Shanti, 38: “It was like an epidemic, there were a lot of divorces in the schoolyard. When the parents of my daughter’s best friend – seemingly the happiest couple on earth – ended their relationship, I became intrigued. Because it wasn’t really exciting between me and my husband For years. In fact, our communication was largely composed of bickering, and there was no longer any intimate relationship. In fact, we have grown apart through the ages, blindly focused on his career, and I could not share the care of our children. Therefore, inspired by evenings of philosophizing With all these divorced mothers, I also announced divorce. Freedom! Independence! Never a man with his dirty socks on the coffee table while grabbing the remote! Turns out I open a sink with her. Because divorce isn’t fun at all.

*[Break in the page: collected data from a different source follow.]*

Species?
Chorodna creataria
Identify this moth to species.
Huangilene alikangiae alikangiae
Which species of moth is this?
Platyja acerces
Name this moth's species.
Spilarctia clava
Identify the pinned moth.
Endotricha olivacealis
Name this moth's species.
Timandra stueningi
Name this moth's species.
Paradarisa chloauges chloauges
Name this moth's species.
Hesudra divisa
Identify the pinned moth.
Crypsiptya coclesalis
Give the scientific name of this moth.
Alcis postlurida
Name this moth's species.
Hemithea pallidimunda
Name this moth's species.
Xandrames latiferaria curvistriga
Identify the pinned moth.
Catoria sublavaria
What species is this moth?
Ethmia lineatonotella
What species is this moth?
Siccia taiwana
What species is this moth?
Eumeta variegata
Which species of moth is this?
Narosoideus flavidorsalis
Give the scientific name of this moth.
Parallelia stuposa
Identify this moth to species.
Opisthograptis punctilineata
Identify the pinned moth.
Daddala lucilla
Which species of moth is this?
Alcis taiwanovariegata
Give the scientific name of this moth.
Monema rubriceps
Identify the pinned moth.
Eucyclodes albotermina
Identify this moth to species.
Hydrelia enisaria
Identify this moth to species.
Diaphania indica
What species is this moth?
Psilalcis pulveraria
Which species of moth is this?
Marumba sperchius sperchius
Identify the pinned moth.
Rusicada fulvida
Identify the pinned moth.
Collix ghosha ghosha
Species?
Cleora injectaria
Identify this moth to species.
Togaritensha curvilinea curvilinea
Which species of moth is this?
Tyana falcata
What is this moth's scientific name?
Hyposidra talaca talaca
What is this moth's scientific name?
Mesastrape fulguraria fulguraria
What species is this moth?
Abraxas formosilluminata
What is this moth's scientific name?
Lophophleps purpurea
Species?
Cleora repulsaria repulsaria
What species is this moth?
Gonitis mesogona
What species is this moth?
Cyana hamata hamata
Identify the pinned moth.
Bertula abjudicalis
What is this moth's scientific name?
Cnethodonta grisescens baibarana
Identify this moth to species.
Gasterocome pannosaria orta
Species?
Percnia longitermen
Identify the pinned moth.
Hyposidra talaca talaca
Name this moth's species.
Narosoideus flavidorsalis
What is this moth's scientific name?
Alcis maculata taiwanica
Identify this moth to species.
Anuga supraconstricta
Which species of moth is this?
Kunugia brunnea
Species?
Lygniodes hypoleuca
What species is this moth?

It was kids, ten and eight years old. , they are still relaxed about it.They saw the advantages mainly,with a double birthday and a double birthday.But taking care of yourself is just hard work.And although it is hard to find intimacy in my marriage,a warm body in bed is better than cold sheets We broke up in harmony and this is the way The fact that I still have the bond with my ex-boyfriend. But single motherhood disgusts me. I miss the convenience of cooking food at the table when I get home, the occasional spontaneous kiss and even the game of grumbling. On the other hand, my ex has improved a lot, with a new love that seems to have brought him to a vibrant life. If only I had never done that.”

“The bed and breakfast ate all my freedom”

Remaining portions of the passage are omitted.